Ethan Allen Announces Redemption of Senior Notes Due October 2015

Ethan Allen Interiors Inc. ("Ethan Allen" or the "Company") (ETH) today announced that its wholly owned subsidiary, Ethan Allen Global, Inc., has delivered a Notice of Redemption (the "Notice") to holders of the outstanding 5.375% Senior Notes due October 2015 (the "Notes"). The Notice called for the redemption of the remaining $129.4 million aggregate principal amount of Notes currently outstanding. Pursuant to the terms of the indenture governing the notes, Ethan Allen will redeem the outstanding notes at a redemption price equal to (a) the greater of (i) 100% of the principal amount to be redeemed or (ii) the sum of the present values of the remaining scheduled payments of principle and interest thereon from the date of redemption to the date of maturity (except for currently accrued but unpaid interest) discounted to the date of redemption, on a semi-annual basis (assuming a 360-day year consisting of twelve 30-day months), at the applicable Treasury Rate, plus twenty basis points (such greater amount, the "Redemption Price"), plus (b) accrued and unpaid interest, if any, to the date of redemption. The redemption date is March 18, 2015.

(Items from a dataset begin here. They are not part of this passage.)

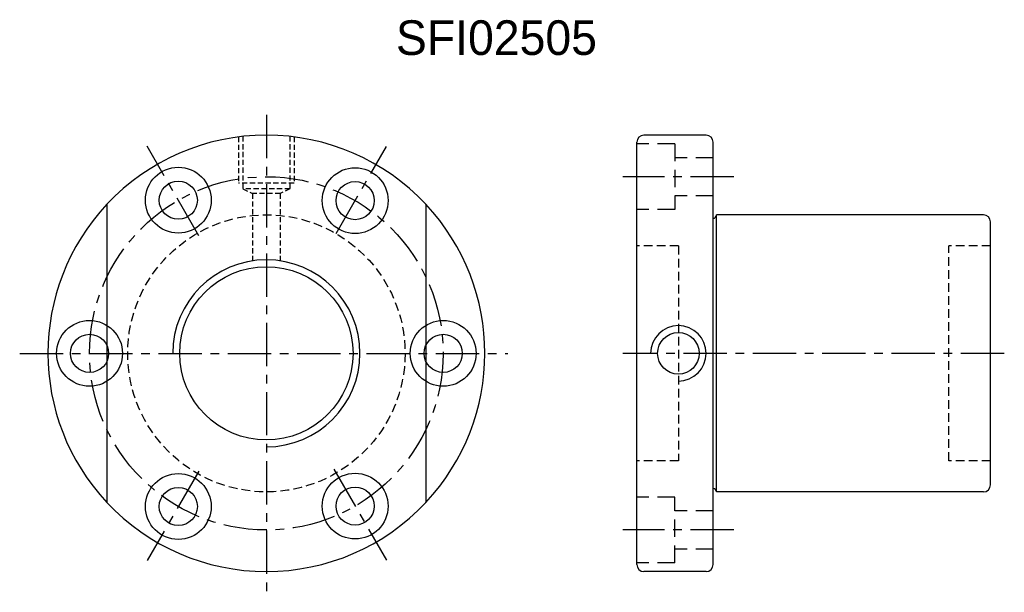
# Model space of a CAD drawing. Extents: x 39 to 181, y 57 to 139.
import ezdxf

# ---------------------------------------------------------------- set-up
doc = ezdxf.new("R2010")
doc.units = 0
doc.header["$MEASUREMENT"] = 0
doc.linetypes.add('CENTER', pattern=[2, 1.25, -0.25, 0.25, -0.25])
doc.linetypes.add('HIDDEN', pattern=[0.375, 0.25, -0.125])
for name, color, linetype in [('CEN', 1, 'CENTER'), ('DIM', 4, 'CONTINUOUS'), ('HID', 2, 'HIDDEN'), ('OUT', 3, 'CONTINUOUS')]:
    doc.layers.add(name, color=color, linetype=linetype)

msp = doc.modelspace()

# ---------------------------------------------------------------- linework, layer by layer
at = {"layer": 'CEN', "color": 7, "ltscale": 5}
for p, q in [((74.3, 125.49), (74.3, 56.57)), ((64.56, 108.06), (57.1, 120.98)), ((84.36, 108.38), (91.6, 120.92)), ((141.71, 116.57), (125.72, 116.57)), ((38.73, 91.07), (109.11, 91.07)), ((180.72, 91.07), (125.72, 91.07)), ((64.56, 74.07), (57.1, 61.16)), ((84.02, 74.35), (91.6, 61.22)), ((141.71, 65.57), (125.72, 65.57))]:
    msp.add_line(p, q, dxfattribs=at)
msp.add_circle((74.3, 91.07), 25.5, dxfattribs=at)
at = {"layer": 'DIM', "color": 7}
for centre, radius in [((74.3, 91.07), 12.5), ((48.8, 91.07), 4.75), ((99.8, 91.07), 4.75), ((48.8, 91.07), 2.75), ((99.8, 91.07), 2.75)]:
    msp.add_circle(centre, radius, dxfattribs=at)
for centre, radius, start, end in [((74.3, 91.07), 31.5, 136.8997, 223.1003), ((74.3, 91.07), 31.5, 316.8997, 43.1003), ((74.3, 91.07), 13.5, 270, 180), ((133.72, 91.07), 4, 270, 180)]:
    msp.add_arc(centre, radius, start, end, dxfattribs=at)
at = {"layer": 'HID', "color": 7, "ltscale": 3}
for p, q in [((70.3, 122.31), (70.3, 115.63)), ((70.9, 122.39), (70.9, 114.83)), ((77.7, 122.39), (77.7, 114.83)), ((78.3, 122.31), (78.3, 115.63)), ((78.3, 115.63), (70.3, 115.63)), ((70.9, 114.83), (72.3, 114.13)), ((77.7, 114.83), (70.9, 114.83)), ((72.3, 114.13), (72.3, 104.53)), ((76.3, 114.13), (72.3, 114.13)), ((77.7, 114.83), (76.3, 114.13)), ((76.3, 114.13), (76.3, 104.53))]:
    msp.add_line(p, q, dxfattribs=at)
at = {"layer": 'HID', "color": 7, "ltscale": 10}
for p, q in [((133.22, 121.32), (127.72, 121.32)), ((133.22, 121.32), (133.22, 111.82)), ((138.72, 119.32), (133.22, 119.32)), ((138.72, 113.82), (133.22, 113.82)), ((133.22, 111.82), (127.72, 111.82)), ((133.22, 70.32), (127.72, 70.32)), ((133.22, 60.82), (133.22, 70.32)), ((138.72, 68.32), (133.22, 68.32)), ((138.72, 62.82), (133.22, 62.82)), ((133.22, 60.82), (127.72, 60.82))]:
    msp.add_line(p, q, dxfattribs=at)
at = {"layer": 'HID', "color": 7, "ltscale": 5}
for p, q in [((133.72, 106.57), (127.72, 106.57)), ((133.72, 106.57), (133.72, 75.57)), ((172.72, 75.57), (172.72, 106.57)), ((178.72, 106.57), (172.72, 106.57)), ((133.72, 75.57), (127.72, 75.57)), ((178.72, 75.57), (172.72, 75.57))]:
    msp.add_line(p, q, dxfattribs=at)
msp.add_circle((74.3, 91.07), 20, dxfattribs=at)
at = {"layer": 'OUT', "color": 7, "ltscale": 5}
for p, q in [((137.72, 122.57), (128.72, 122.57)), ((127.72, 60.57), (127.72, 121.57)), ((138.72, 60.57), (138.72, 121.57)), ((51.3, 112.59), (51.3, 69.55)), ((97.3, 112.59), (97.3, 69.55)), ((177.72, 111.07), (139.22, 111.07)), ((178.72, 72.07), (178.72, 110.07)), ((177.72, 71.07), (139.22, 71.07)), ((137.72, 59.57), (128.72, 59.57))]:
    msp.add_line(p, q, dxfattribs=at)
at = {"layer": 'OUT', "color": 7}
msp.add_line((139.22, 71.07), (139.22, 111.07), dxfattribs=at)
for centre, radius in [((61.6, 113.18), 4.75), ((87.1, 113.12), 4.75), ((61.6, 113.18), 2.75), ((87.1, 113.12), 2.75), ((133.72, 91.07), 3), ((61.6, 68.96), 4.75), ((87.1, 69.02), 4.75), ((61.6, 68.96), 2.75), ((87.1, 69.02), 2.75)]:
    msp.add_circle(centre, radius, dxfattribs=at)
for centre, radius, start, end in [((74.3, 91.07), 31.5, 43.1003, 136.8997), ((138.72, 111.07), 0.5, 270, 0), ((138.72, 71.07), 0.5, 0, 90), ((74.3, 91.07), 31.5, 223.1003, 316.8997)]:
    msp.add_arc(centre, radius, start, end, dxfattribs=at)
at = {"layer": 'OUT', "color": 7, "ltscale": 5}
for centre, start, end in [((128.72, 121.57), 90, 180), ((137.72, 121.57), 0, 90), ((177.72, 110.07), 0, 90), ((177.72, 72.07), 270, 0), ((128.72, 60.57), 180, 270), ((137.72, 60.57), 270, 0)]:
    msp.add_arc(centre, 1, start, end, dxfattribs=at)

# ---------------------------------------------------------------- texts
at = {"layer": 'DIM', "color": 7}
msp.add_text('SFI02505', height=5, dxfattribs=at).set_placement((92.98, 134.15))

doc.saveas('drawing.dxf')

The Notice was mailed on February 13, 2015 to record holders of the notes by U.S. Bank National Association, Corporate Trust Services, 111 Fillmore Avenue E., St. Paul, MN 55107, as trustee under the indenture governing the notes.

Additional information concerning the terms and conditions of the redemption are fully described in the Notice distributed to holders of the Notes. Beneficial holders with any questions about the redemption should contact their respective brokerage firm or financial institution.

This press release is for informational purposes only and shall not constitute an offer to purchase the Notes or any other securities.

This press release should also be read in conjunction with the Company`s Annual Report on Form 10-K for the year ended June 30, 2014 (the "2014 Form 10-K") and other reports filed with the Securities and Exchange Commission. This press release and related discussions contain forward-looking statements made pursuant to the safe harbor provisions of the Private Securities Litigation Reform Act of 1995. Such forward-looking statements reflect management`s current expectations concerning future events and results of the Company, and are subject to various assumptions, risks and uncertainties including specifically, and without limitation, those set forth in Part I, Item 1A "Risk Factors" of the 2014 Form 10-K. Accordingly, actual future events or results could differ materially from those contemplated by the forward-looking statements. The Company assumes no obligation to update or provide revision to any forward-looking statement at any time for any reason.